[[ Stored data, beginning ]]

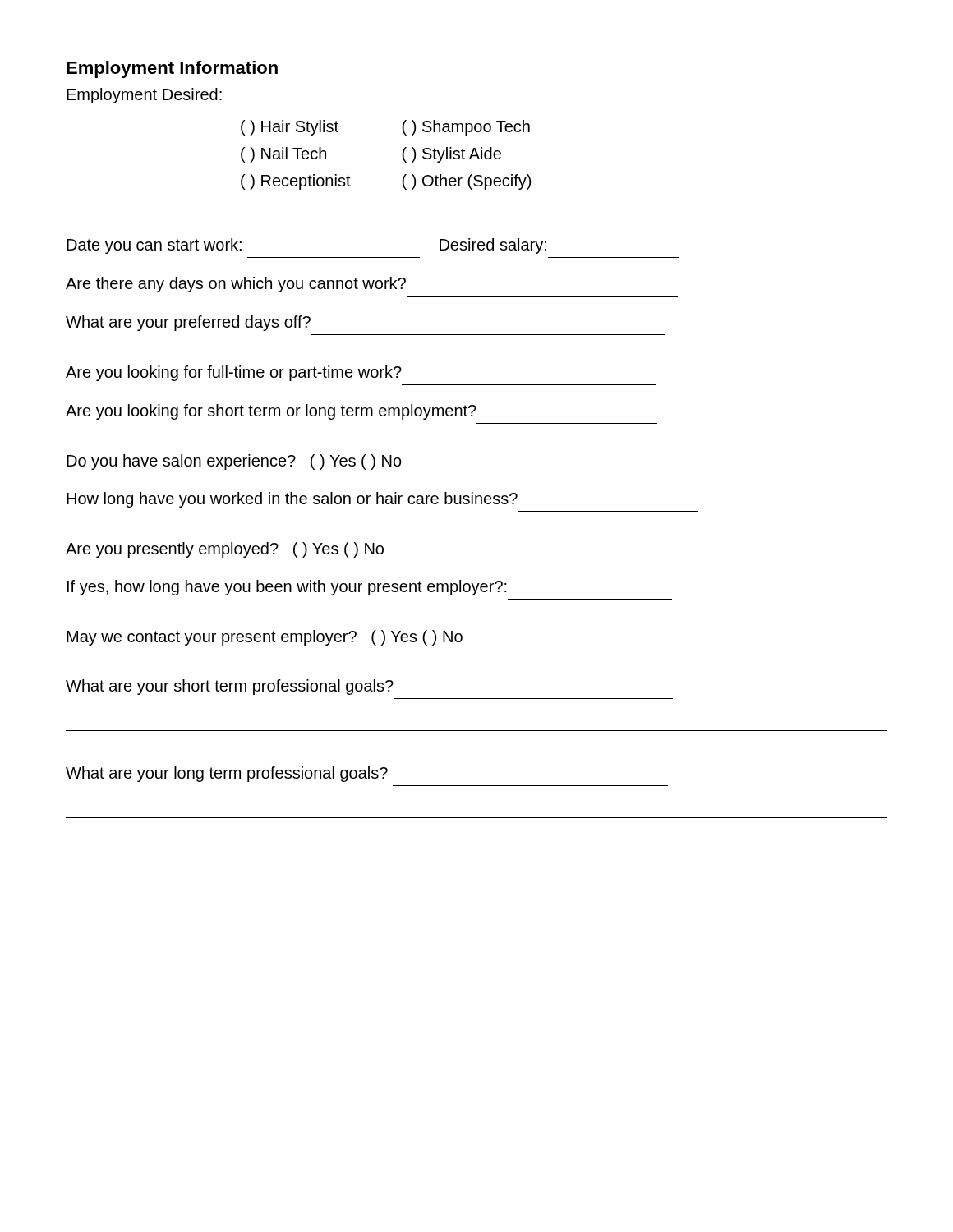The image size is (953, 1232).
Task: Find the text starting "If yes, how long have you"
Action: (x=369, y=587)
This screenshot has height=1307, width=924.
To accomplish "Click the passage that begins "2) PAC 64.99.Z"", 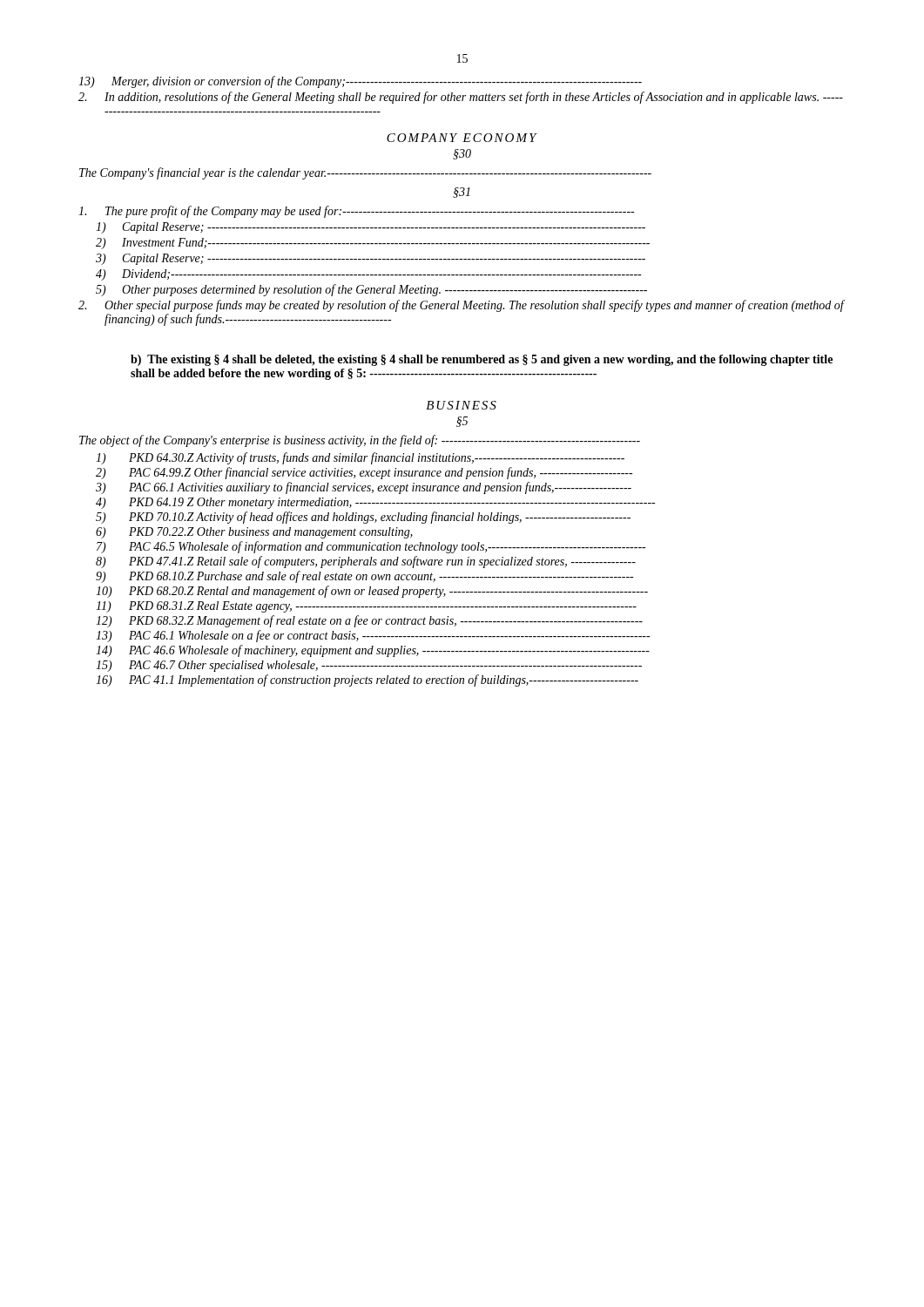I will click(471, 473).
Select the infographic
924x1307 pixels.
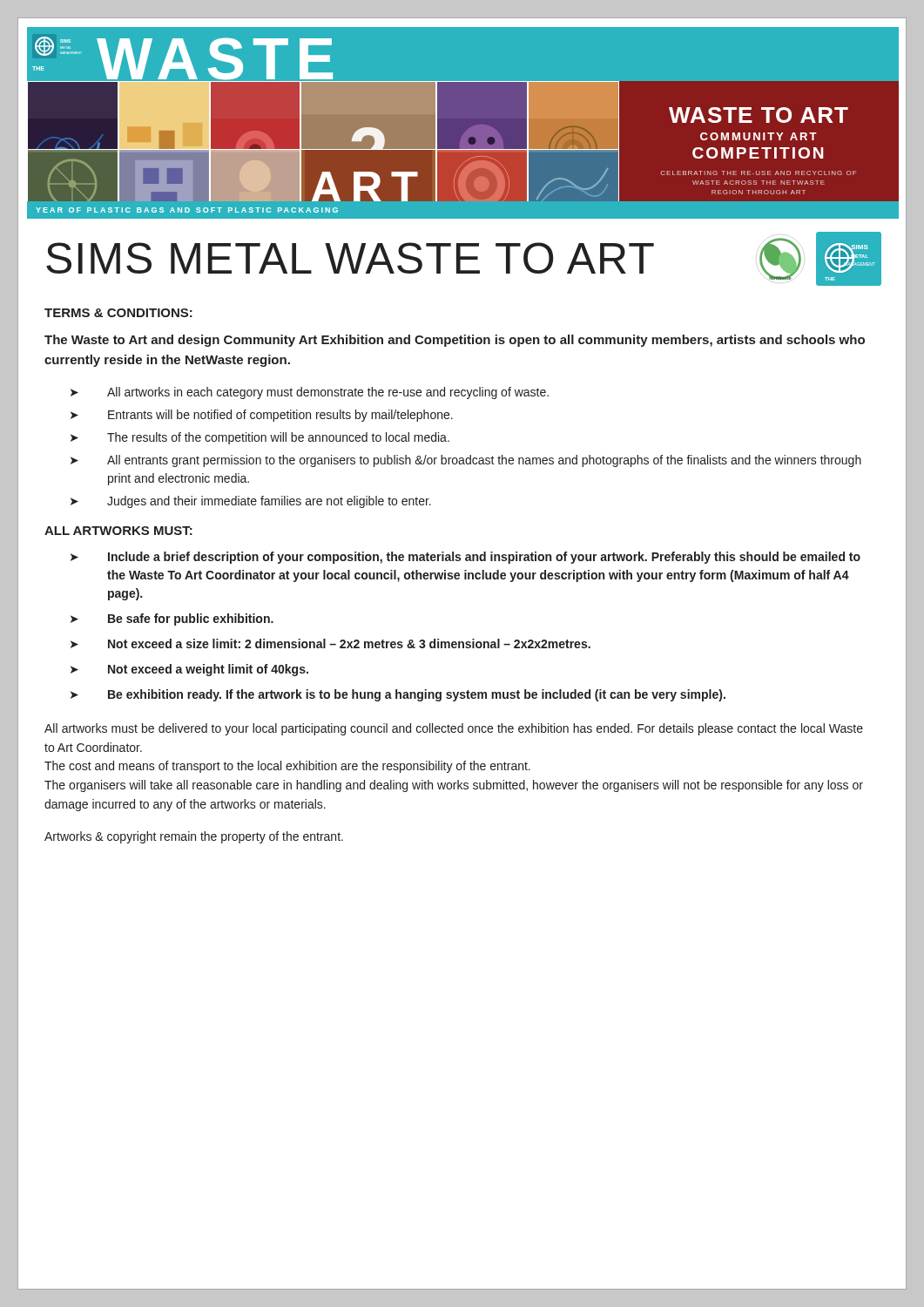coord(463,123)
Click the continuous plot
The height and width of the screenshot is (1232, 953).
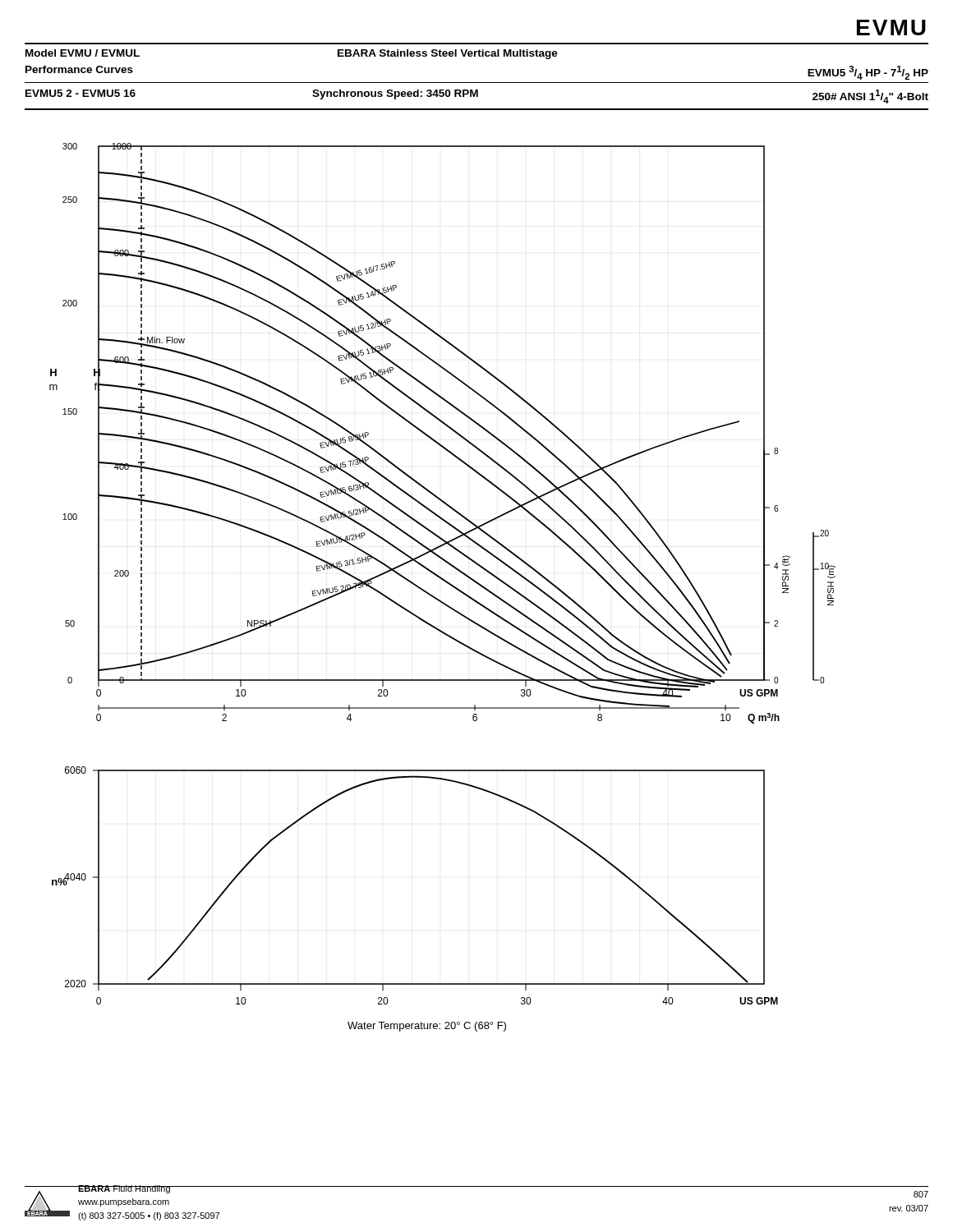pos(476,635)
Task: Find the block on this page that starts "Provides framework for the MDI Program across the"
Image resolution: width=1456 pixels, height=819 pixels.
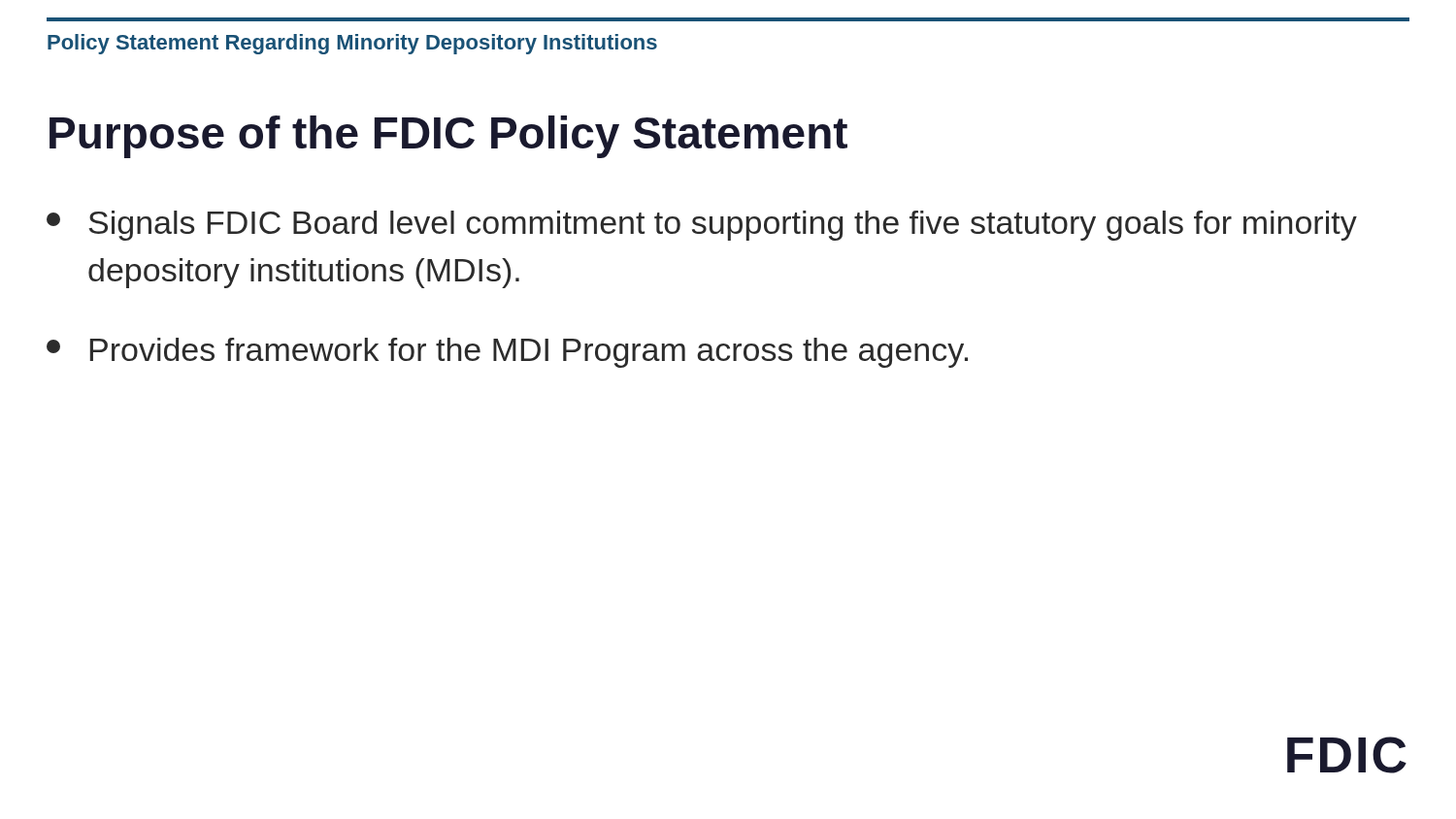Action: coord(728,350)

[[ Stored data, end ]]

Begin at the line with "The height and" and retype exactly every line through the last one of the entries above, both included, and nothing more; pictures stay out.

- The completed task:
The height and width of the screenshot is (1232, 953).
pos(476,635)
Task: Find the block on this page that starts "Provides framework for the MDI Program across the"
Image resolution: width=1456 pixels, height=819 pixels.
Action: coord(728,350)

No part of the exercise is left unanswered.